• [YOUR GOAL] Print each record exactly as it appears, but drop the images.

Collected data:
****************************************

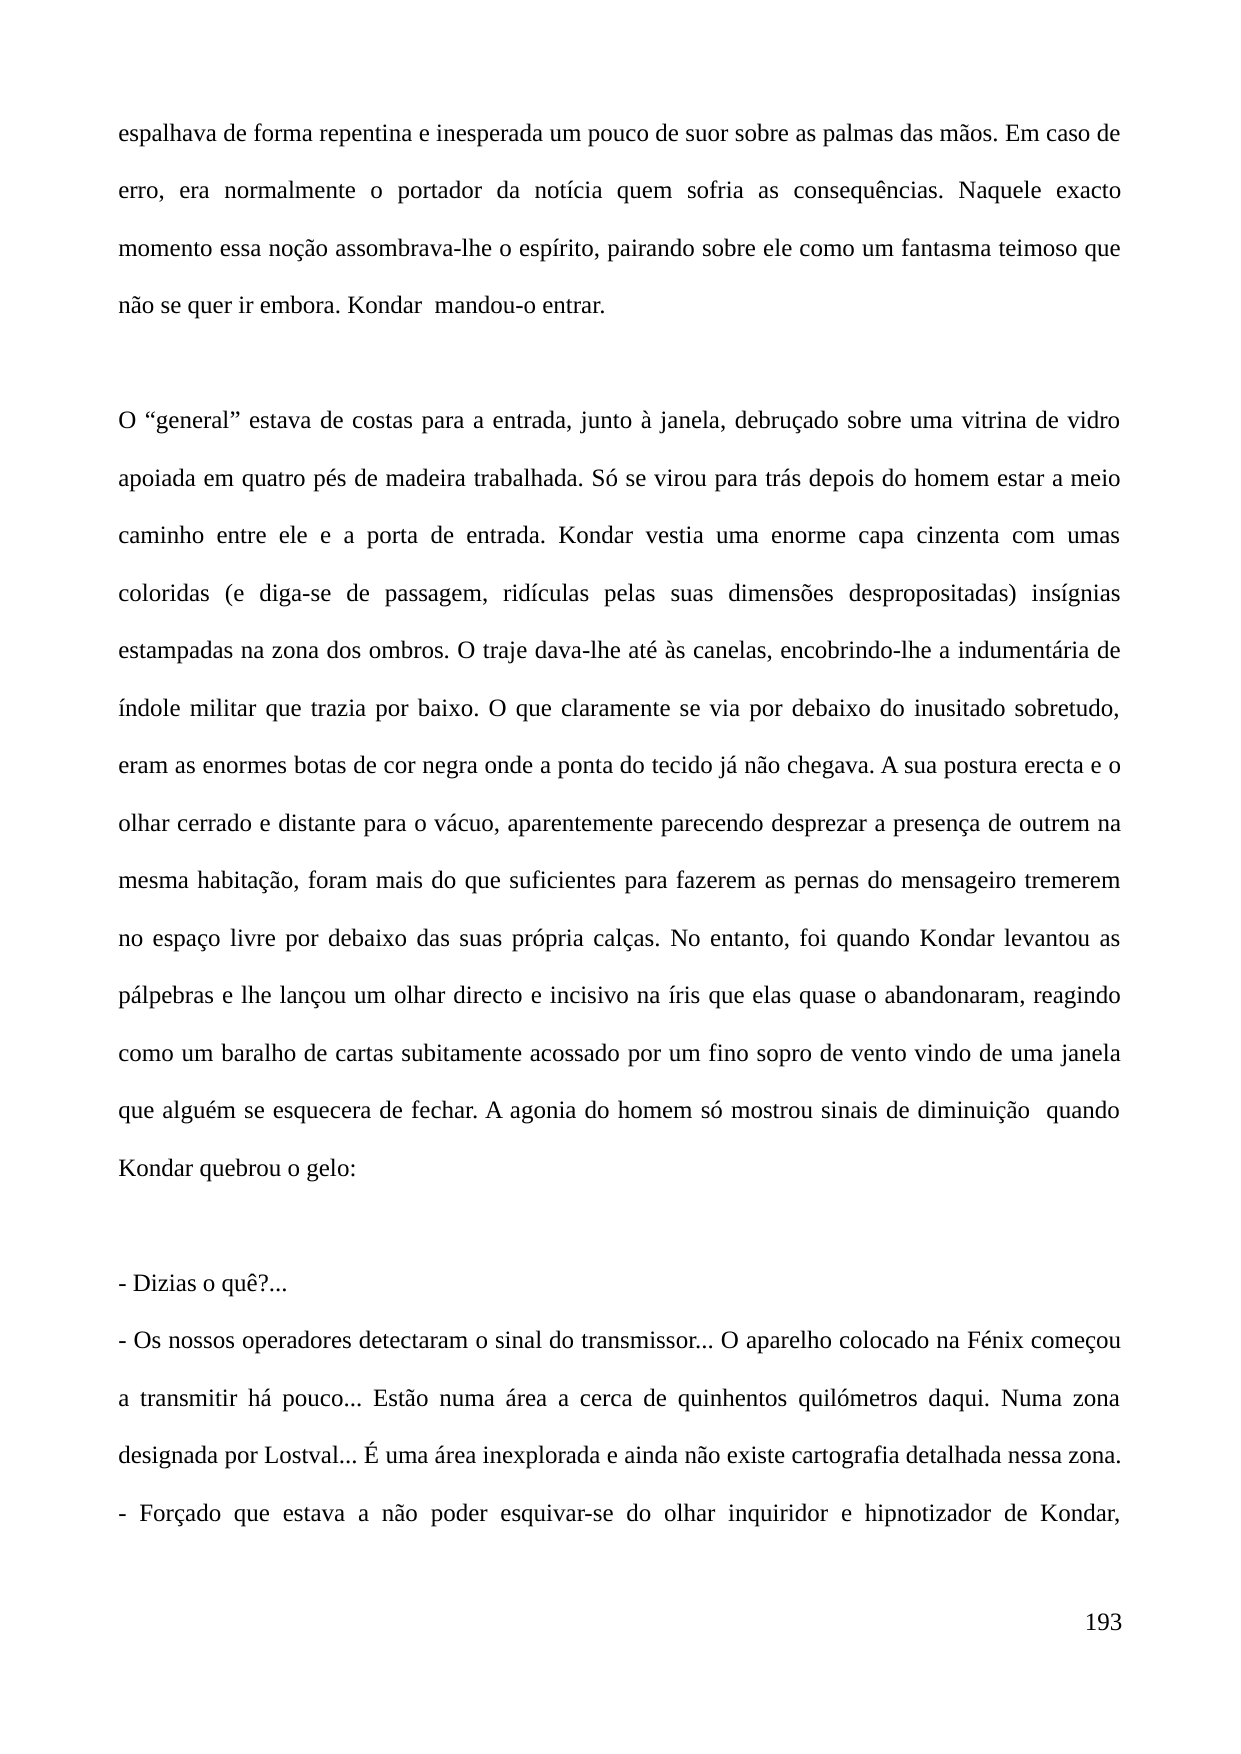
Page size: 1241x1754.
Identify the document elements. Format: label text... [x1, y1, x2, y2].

text - Dizias o quê?... [118, 1268, 1122, 1297]
text - Os nossos operadores detectaram o sinal do transmissor... O aparelho colocado na Fénix começou a transmitir há pouco... Estão numa área a cerca de quinhentos quilómetros daqui. Numa zona designada por Lostval... É uma área inexplorada e ainda não existe cartografia detalhada nessa zona. - Forçado que estava a não poder esquivar-se do olhar inquiridor e hipnotizador de Kondar, [118, 1326, 1122, 1527]
text O “general” estava de costas para a entrada, junto à janela, debruçado sobre uma vitrina de vidro apoiada em quatro pés de madeira trabalhada. Só se virou para trás depois do homem estar a meio caminho entre ele e a porta de entrada. Kondar vestia uma enorme capa cinzenta com umas coloridas (e diga-se de passagem, ridículas pelas suas dimensões despropositadas) insígnias estampadas na zona dos ombros. O traje dava-lhe até às canelas, encobrindo-lhe a indumentária de índole militar que trazia por baixo. O que claramente se via por debaixo do inusitado sobretudo, eram as enormes botas de cor negra onde a ponta do tecido já não chegava. A sua postura erecta e o olhar cerrado e distante para o vácuo, aparentemente parecendo desprezar a presença de outrem na mesma habitação, foram mais do que suficientes para fazerem as pernas do mensageiro tremerem no espaço livre por debaixo das suas própria calças. No entanto, foi quando Kondar levantou as pálpebras e lhe lançou um olhar directo e incisivo na íris que elas quase o abandonaram, reagindo como um baralho de cartas subitamente acossado por um fino sopro de vento vindo de uma janela que alguém se esquecera de fechar. A agonia do homem só mostrou sinais de diminuição quando Kondar quebrou o gelo: [118, 406, 1122, 1182]
text espalhava de forma repentina e inesperada um pouco de suor sobre as palmas das mãos. Em caso de erro, era normalmente o portador da notícia quem sofria as consequências. Naquele exacto momento essa noção assombrava-lhe o espírito, pairando sobre ele como um fantasma teimoso que não se quer ir embora. Kondar mandou-o entrar. [118, 118, 1122, 319]

****************************************

• [SOLUTION BELOW]
Page size: 1241x1754.
Identify the document elements. Format: label text... [x1, y1, x2, y2].

text - Dizias o quê?... [118, 1268, 1122, 1297]
text - Os nossos operadores detectaram o sinal do transmissor... O aparelho colocado na Fénix começou a transmitir há pouco... Estão numa área a cerca de quinhentos quilómetros daqui. Numa zona designada por Lostval... É uma área inexplorada e ainda não existe cartografia detalhada nessa zona. - Forçado que estava a não poder esquivar-se do olhar inquiridor e hipnotizador de Kondar, [118, 1326, 1122, 1527]
text O “general” estava de costas para a entrada, junto à janela, debruçado sobre uma vitrina de vidro apoiada em quatro pés de madeira trabalhada. Só se virou para trás depois do homem estar a meio caminho entre ele e a porta de entrada. Kondar vestia uma enorme capa cinzenta com umas coloridas (e diga-se de passagem, ridículas pelas suas dimensões despropositadas) insígnias estampadas na zona dos ombros. O traje dava-lhe até às canelas, encobrindo-lhe a indumentária de índole militar que trazia por baixo. O que claramente se via por debaixo do inusitado sobretudo, eram as enormes botas de cor negra onde a ponta do tecido já não chegava. A sua postura erecta e o olhar cerrado e distante para o vácuo, aparentemente parecendo desprezar a presença de outrem na mesma habitação, foram mais do que suficientes para fazerem as pernas do mensageiro tremerem no espaço livre por debaixo das suas própria calças. No entanto, foi quando Kondar levantou as pálpebras e lhe lançou um olhar directo e incisivo na íris que elas quase o abandonaram, reagindo como um baralho de cartas subitamente acossado por um fino sopro de vento vindo de uma janela que alguém se esquecera de fechar. A agonia do homem só mostrou sinais de diminuição quando Kondar quebrou o gelo: [118, 406, 1122, 1182]
text espalhava de forma repentina e inesperada um pouco de suor sobre as palmas das mãos. Em caso de erro, era normalmente o portador da notícia quem sofria as consequências. Naquele exacto momento essa noção assombrava-lhe o espírito, pairando sobre ele como um fantasma teimoso que não se quer ir embora. Kondar mandou-o entrar. [118, 118, 1122, 319]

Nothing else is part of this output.